In this paper, we introduced probabilistic scoring lists, a probabilistic extension of scoring systems. While retaining the genuine interpretability of standard scoring systems, PSL provides additional information about uncertainty by turning scores into well-calibrated probability estimates. Moreover, these estimates can be gradually refined by adding more features. This may be important if features are expensive or time-consuming to obtain, so that rough estimates can be obtained quickly and decisions can be made early without the need to obtain scores for all features.

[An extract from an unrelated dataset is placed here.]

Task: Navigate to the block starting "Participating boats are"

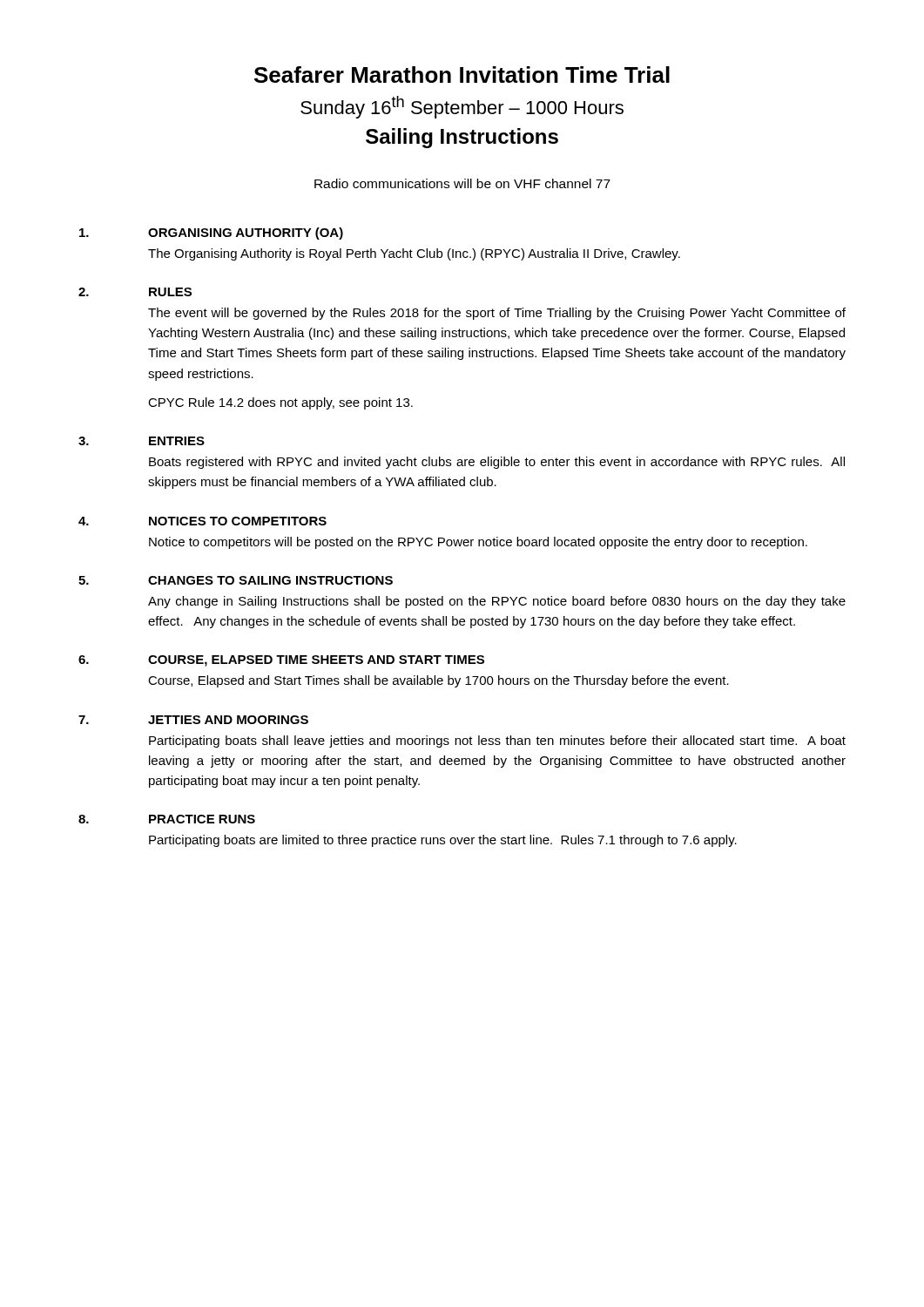Action: pyautogui.click(x=497, y=840)
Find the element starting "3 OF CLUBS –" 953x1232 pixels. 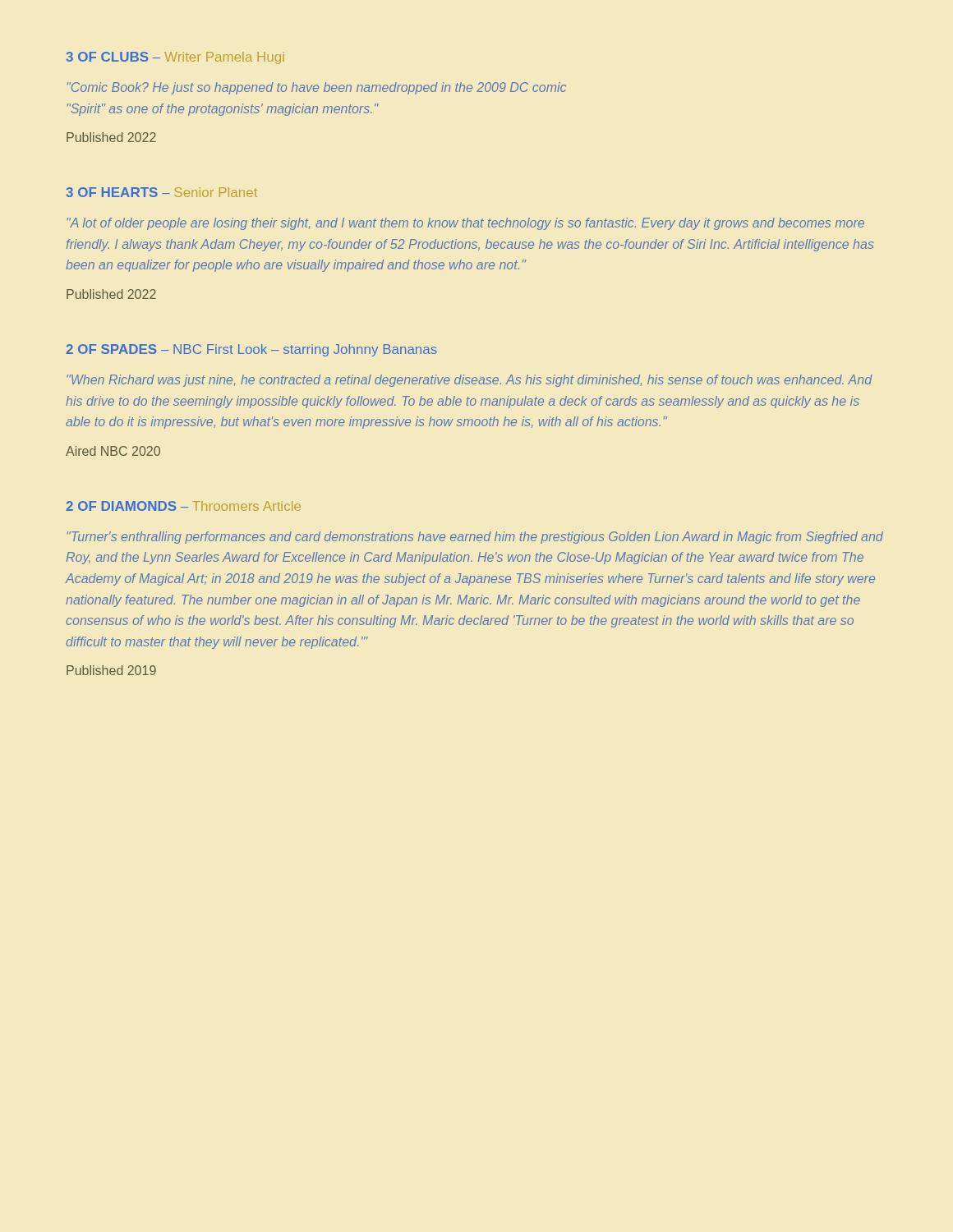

Our experiments on binary and binarized datasets showed that our greedy learning algorithm manages to construct well-performing models. We compared PSL with sensible baseline methods, demonstrating its suitability for situated decision support and combining the following strengths:

  • Interpretability and transparency,

  • well-calibrated probability estimates,

  • uncertainty-aware interval estimates.

  • early stopping at prediction time,

We additionally evaluated a method for feature binarization within the learning procedure of PSL and showcased its applicability for ranking tasks.

Building on the approach presented in this paper, we plan to address the following extensions in future work:

  • Although the greedy learning algorithm proposed in this paper seems to perform quite well, more sophisticated algorithms for learning PSLs should be developed, including algorithms tailored to specific loss functions.

  • So far, our proposed learning algorithm does not consider feature costs. In practice, the cost of feature acquisition may vary drastically for different features. For example, measuring the temperature of a patient can be done much more easily than a sophisticated blood test. An interesting direction for future work is to consider feature costs explicitly and develop a learning algorithm for cost-effective PSLs (Clertant et al., 2019).

  • In practice, some features may be not available at inference time, e.g., because there is no access to laboratory equipment in the field. Here, it would be interesting to consider default scores for missing features and develop a more sensitive version of PSL that produces models that are robust to missing features.

  • So far, we have only examined PSL from an algorithmic point of view. Conducting a user study and investigating how suitable it is for the task of supporting human decision makers is of major interest. This also involves the development of usability features such as advanced visualizations of PSL stages.

  • In the current implementation, the score set is a hyperparameter that has to be set in advance. We would like to investigate ways to automatically select score sets that lead to performant yet meaningful and interpretable scoring lists.